[英]If list contains an item, then list equals to item
I don't know how to formulate the question correctly: I have a list of lists, which contains multiple items.我不知道如何正确地提出问题:我有一个列表列表,其中包含多个项目。
mylist=[['a','b','c','₾'],['x','t','f','₾'],['a','d'],['r','y'],['c','₾'],['a','b','c','i'],['h','j','l','₾']]

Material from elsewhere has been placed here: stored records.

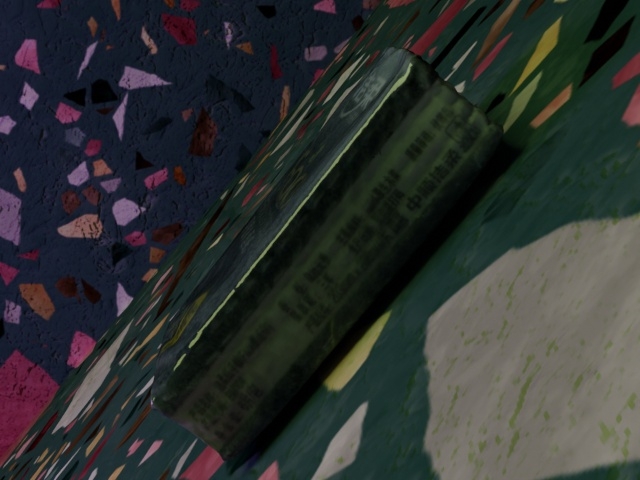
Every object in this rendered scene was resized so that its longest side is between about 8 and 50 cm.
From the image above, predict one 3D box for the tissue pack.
[{"bbox_3d":[0.000,0.000,0.750,0.257,0.081,0.185,-51,10,7],"label":"tissue pack"}]
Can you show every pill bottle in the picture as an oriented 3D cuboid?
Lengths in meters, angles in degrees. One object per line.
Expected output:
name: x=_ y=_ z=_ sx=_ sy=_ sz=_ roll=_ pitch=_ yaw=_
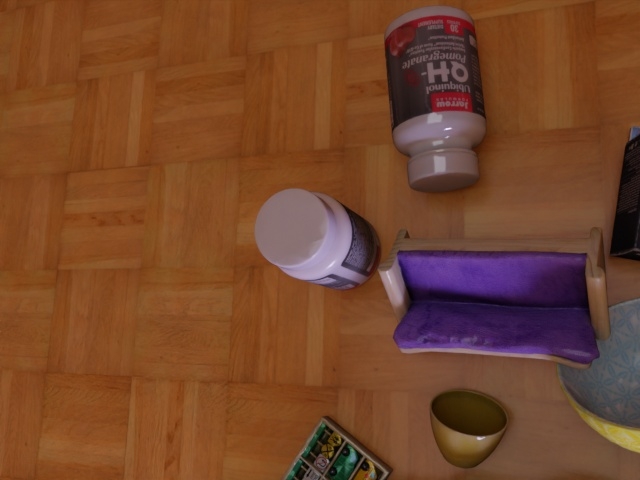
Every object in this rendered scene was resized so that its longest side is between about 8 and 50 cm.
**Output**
pill bottle: x=0.219 y=-0.260 z=1.198 sx=0.176 sy=0.176 sz=0.318 roll=-8 pitch=77 yaw=20
pill bottle: x=0.000 y=0.000 z=1.176 sx=0.161 sy=0.283 sz=0.161 roll=-4 pitch=78 yaw=20

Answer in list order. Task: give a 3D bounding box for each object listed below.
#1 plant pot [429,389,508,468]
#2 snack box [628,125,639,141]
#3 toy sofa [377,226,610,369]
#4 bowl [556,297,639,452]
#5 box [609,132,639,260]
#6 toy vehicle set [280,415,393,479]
plant pot: x=0.254 y=0.339 z=1.110 sx=0.134 sy=0.134 sz=0.095 roll=13 pitch=113 yaw=23
snack box: x=0.570 y=-0.113 z=1.116 sx=0.064 sy=0.022 sz=0.178 roll=9 pitch=83 yaw=22
toy sofa: x=0.286 y=0.087 z=1.061 sx=0.363 sy=0.150 sz=0.177 roll=0 pitch=42 yaw=29
bowl: x=0.533 y=0.233 z=0.976 sx=0.289 sy=0.289 sz=0.156 roll=-20 pitch=117 yaw=17
box: x=0.581 y=-0.063 z=1.035 sx=0.153 sy=0.108 sz=0.207 roll=12 pitch=85 yaw=6
toy vehicle set: x=-0.001 y=0.498 z=1.217 sx=0.166 sy=0.035 sz=0.267 roll=33 pitch=93 yaw=24

If any of the lists contains symbol '₾', I want to append the symbol to another list, else append None.如果任何列表包含符号“₾”,我想将 append 符号添加到另一个列表,否则 append 无。
result=[]
for row in mylist:
for i in row:
if i=='₾':
result.append(i)
else:
result.append(None)
result
But I want to get this result:但我想得到这个结果:
result=['₾','₾',None,None,'₾',None,'₾']
That would be:那将是:
result = ['₾' if '₾' in sublist else None for sublist in mylist]
result = []
for row in mylist:
if '₾' in row:
result.append('₾')
else:
result.append(None)
>>> mylist=[['a','b','c','₾'],['x','t','f','₾'],['a','d'],['r','y'],['c','₾'],['a','b','c','i'],['h','j','l','₾']]
>>> c = '₾'
>>> [c if c in row else None for row in mylist]

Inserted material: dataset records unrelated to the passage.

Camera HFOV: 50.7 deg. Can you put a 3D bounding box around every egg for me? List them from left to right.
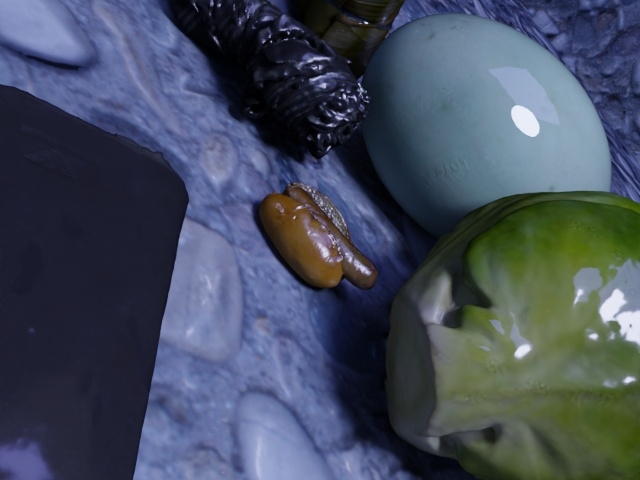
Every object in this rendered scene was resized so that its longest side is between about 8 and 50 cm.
[{"bbox_3d":[0.219,-0.126,0.898,0.389,0.276,0.276,44,33,-17],"label":"egg"}]

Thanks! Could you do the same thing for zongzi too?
[{"bbox_3d":[0.065,-0.404,0.980,0.123,0.289,0.260,15,46,-25],"label":"zongzi"}]

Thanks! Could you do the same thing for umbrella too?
[{"bbox_3d":[-0.089,-0.236,0.790,0.337,0.128,0.154,43,17,-1],"label":"umbrella"}]

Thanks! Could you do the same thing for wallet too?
[{"bbox_3d":[-0.192,0.038,0.443,0.197,0.051,0.377,30,36,-26],"label":"wallet"}]

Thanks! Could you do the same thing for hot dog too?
[{"bbox_3d":[-0.001,0.000,0.706,0.090,0.060,0.140,-21,79,-52],"label":"hot dog"}]

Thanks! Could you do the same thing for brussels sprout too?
[{"bbox_3d":[0.222,0.099,0.674,0.355,0.281,0.289,-7,97,-27],"label":"brussels sprout"}]

['₾', '₾', None, None, '₾', None, '₾']
That is, you can use a list comprehension: for each list in mylist
, use ₾ if it is in the list, or else None
:也就是说,您可以使用列表理解:对于
mylist
中的每个列表,如果它在列表中则使用 ₾ ,否则使用None
:
c = '₾'
result = [c if c in row else None for row in mylist]
There were several problems with the loop in the posted code:发布的代码中的循环存在几个问题:
None
when all values were not ₾None
Here's one way to fix the loop:这是修复循环的一种方法:
result = []
for row in mylist:
for item in row:
if item == '₾':
result.append(item)
break
else:
result.append(None)
Notice here that else
belongs to the inner for
, not the if
.注意这里
else
属于内部for
,而不是if
。 The meaning of this is that if the inner loop never reached a break
, then this else
will be executed.这意味着如果内循环从未到达
break
,那么else
将被执行。 This fixes both of the problems I mentioned earlier.这解决了我之前提到的两个问题。
A small edit to your code can be done to get the desired result可以对您的代码进行少量编辑以获得所需的结果
mylist=[['a','b','c','₾'],['x','t','f','₾'],['a','d'],['r','y'],['c','₾'],['a','b','c','i'],['h','j','l','₾']]
result=[]
for row in mylist:
if '₾' in row:
result.append(i)
else:
result.append(None)
result
Output Output
['₾', '₾', None, None, '₾', None, '₾']
The above code can be reduced into a line of List Comprehension上面的代码可以简化成一行List Comprehension
['₾' if '₾' in row else None for row in mylist]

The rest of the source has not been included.